» WORK TO COMPLETE: Output nothing but the lines from the beginning of the listing below through the line containing "text 's-Gravenhage 2024 [88, 1508, 323, 1522]", exactly as they stand, without pictures.

━━━━━ DATA RECORDS

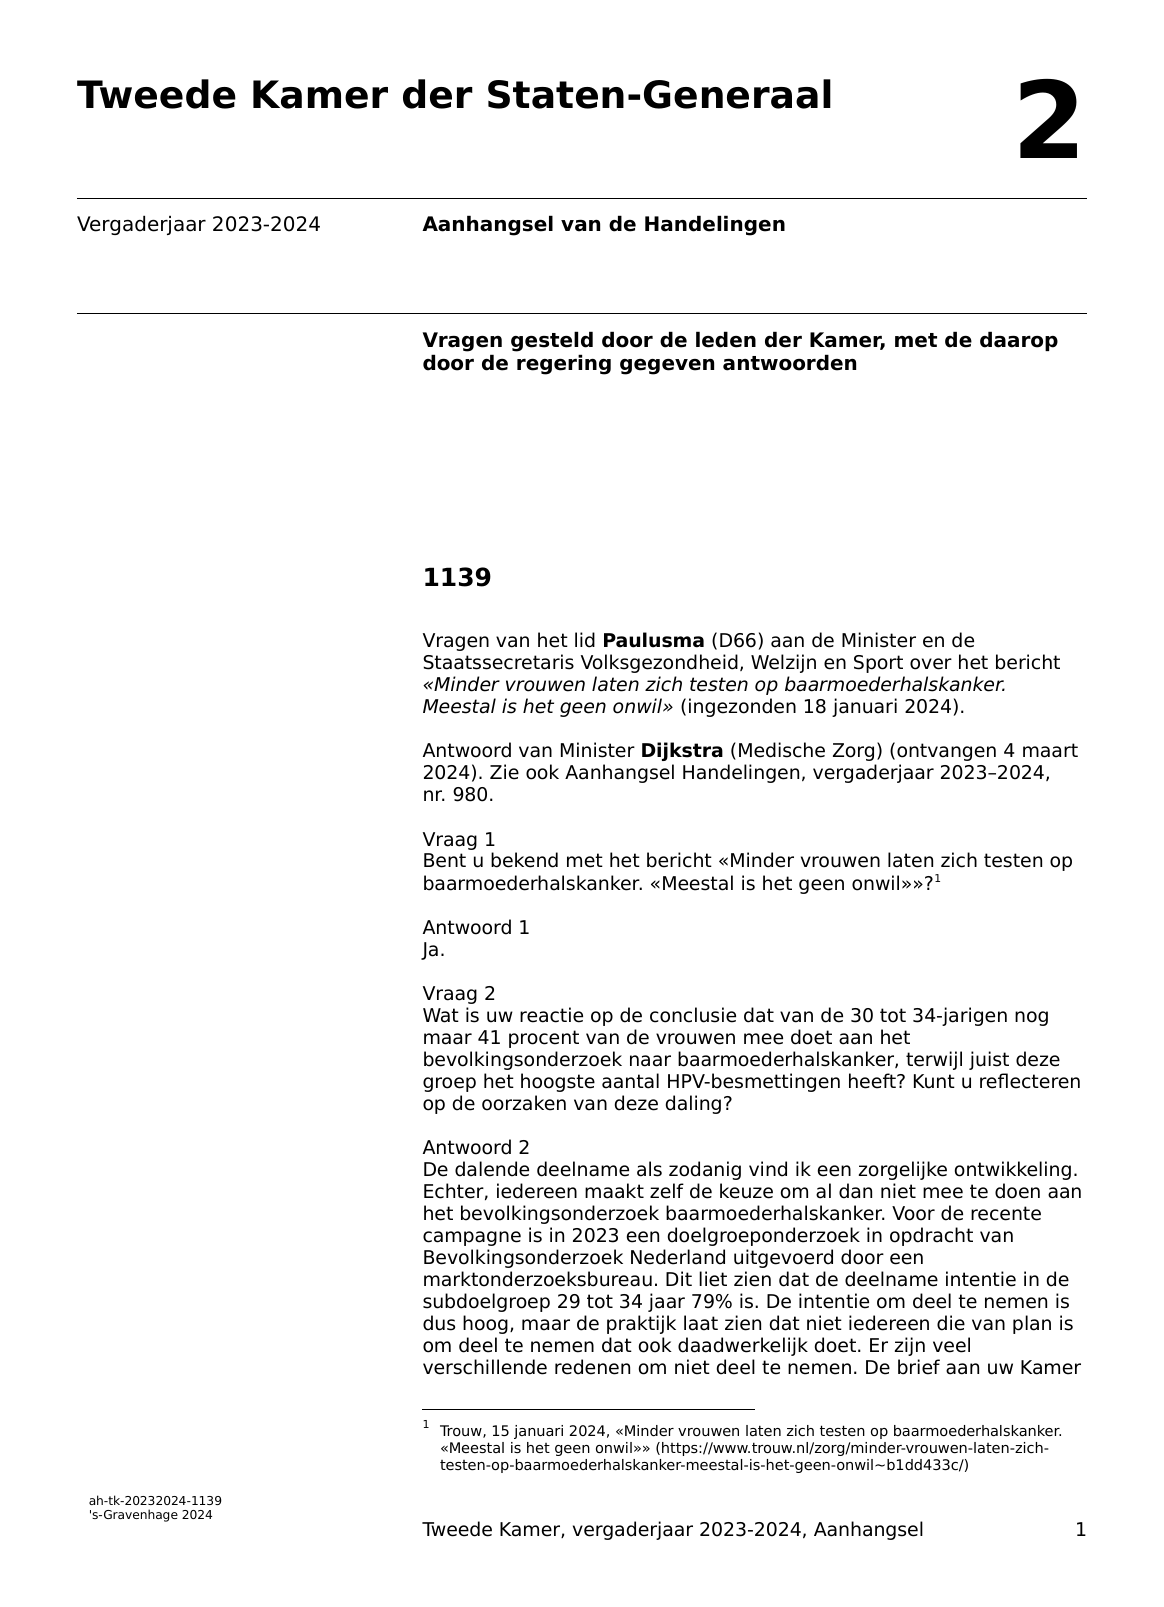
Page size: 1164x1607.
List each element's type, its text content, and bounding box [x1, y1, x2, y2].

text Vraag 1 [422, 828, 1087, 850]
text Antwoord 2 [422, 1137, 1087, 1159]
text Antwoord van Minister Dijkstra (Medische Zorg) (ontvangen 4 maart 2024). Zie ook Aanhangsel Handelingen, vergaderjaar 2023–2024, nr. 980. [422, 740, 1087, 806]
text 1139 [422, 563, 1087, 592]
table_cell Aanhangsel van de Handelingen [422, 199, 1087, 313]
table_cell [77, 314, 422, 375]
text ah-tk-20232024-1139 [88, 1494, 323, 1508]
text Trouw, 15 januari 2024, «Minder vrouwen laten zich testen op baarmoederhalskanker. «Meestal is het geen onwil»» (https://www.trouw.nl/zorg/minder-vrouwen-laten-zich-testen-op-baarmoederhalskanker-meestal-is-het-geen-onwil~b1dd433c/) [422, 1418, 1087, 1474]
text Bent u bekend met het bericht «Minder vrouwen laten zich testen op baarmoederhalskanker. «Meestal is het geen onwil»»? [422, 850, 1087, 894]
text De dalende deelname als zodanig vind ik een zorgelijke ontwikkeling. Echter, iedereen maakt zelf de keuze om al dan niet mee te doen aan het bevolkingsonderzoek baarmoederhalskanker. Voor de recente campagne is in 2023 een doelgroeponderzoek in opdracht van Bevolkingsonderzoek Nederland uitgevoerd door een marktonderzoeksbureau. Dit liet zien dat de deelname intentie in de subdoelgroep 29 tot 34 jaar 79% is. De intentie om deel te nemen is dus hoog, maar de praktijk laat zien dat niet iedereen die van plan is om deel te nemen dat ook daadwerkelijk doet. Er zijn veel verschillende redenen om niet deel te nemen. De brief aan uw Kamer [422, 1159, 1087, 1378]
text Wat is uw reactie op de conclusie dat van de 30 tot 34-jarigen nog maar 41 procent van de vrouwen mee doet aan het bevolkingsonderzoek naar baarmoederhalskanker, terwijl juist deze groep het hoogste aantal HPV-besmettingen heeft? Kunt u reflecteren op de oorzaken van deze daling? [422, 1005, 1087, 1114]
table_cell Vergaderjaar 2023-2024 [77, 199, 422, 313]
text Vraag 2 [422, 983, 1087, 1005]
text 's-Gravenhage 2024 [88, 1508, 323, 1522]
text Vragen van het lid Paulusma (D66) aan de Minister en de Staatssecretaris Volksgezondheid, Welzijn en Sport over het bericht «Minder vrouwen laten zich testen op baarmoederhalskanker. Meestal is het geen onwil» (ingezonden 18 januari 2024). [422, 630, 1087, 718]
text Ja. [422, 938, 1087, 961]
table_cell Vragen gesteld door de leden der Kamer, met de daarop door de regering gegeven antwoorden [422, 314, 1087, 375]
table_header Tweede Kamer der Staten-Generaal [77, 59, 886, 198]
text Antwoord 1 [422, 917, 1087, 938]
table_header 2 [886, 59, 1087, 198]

━━━━━━━━━━

» RESPONSE TO THE TASK:
Page size: 1164x1607.
List each element's type, its text content, and bounding box [x1, y1, x2, y2].

text Vraag 1 [422, 828, 1087, 850]
text Antwoord 2 [422, 1137, 1087, 1159]
text Antwoord van Minister Dijkstra (Medische Zorg) (ontvangen 4 maart 2024). Zie ook Aanhangsel Handelingen, vergaderjaar 2023–2024, nr. 980. [422, 740, 1087, 806]
text 1139 [422, 563, 1087, 592]
table_cell Aanhangsel van de Handelingen [422, 199, 1087, 313]
table_cell [77, 314, 422, 375]
text ah-tk-20232024-1139 [88, 1494, 323, 1508]
text Trouw, 15 januari 2024, «Minder vrouwen laten zich testen op baarmoederhalskanker. «Meestal is het geen onwil»» (https://www.trouw.nl/zorg/minder-vrouwen-laten-zich-testen-op-baarmoederhalskanker-meestal-is-het-geen-onwil~b1dd433c/) [422, 1418, 1087, 1474]
text Bent u bekend met het bericht «Minder vrouwen laten zich testen op baarmoederhalskanker. «Meestal is het geen onwil»»? [422, 850, 1087, 894]
text De dalende deelname als zodanig vind ik een zorgelijke ontwikkeling. Echter, iedereen maakt zelf de keuze om al dan niet mee te doen aan het bevolkingsonderzoek baarmoederhalskanker. Voor de recente campagne is in 2023 een doelgroeponderzoek in opdracht van Bevolkingsonderzoek Nederland uitgevoerd door een marktonderzoeksbureau. Dit liet zien dat de deelname intentie in de subdoelgroep 29 tot 34 jaar 79% is. De intentie om deel te nemen is dus hoog, maar de praktijk laat zien dat niet iedereen die van plan is om deel te nemen dat ook daadwerkelijk doet. Er zijn veel verschillende redenen om niet deel te nemen. De brief aan uw Kamer [422, 1159, 1087, 1378]
text Wat is uw reactie op de conclusie dat van de 30 tot 34-jarigen nog maar 41 procent van de vrouwen mee doet aan het bevolkingsonderzoek naar baarmoederhalskanker, terwijl juist deze groep het hoogste aantal HPV-besmettingen heeft? Kunt u reflecteren op de oorzaken van deze daling? [422, 1005, 1087, 1114]
table_cell Vergaderjaar 2023-2024 [77, 199, 422, 313]
text Vraag 2 [422, 983, 1087, 1005]
text 's-Gravenhage 2024 [88, 1508, 323, 1522]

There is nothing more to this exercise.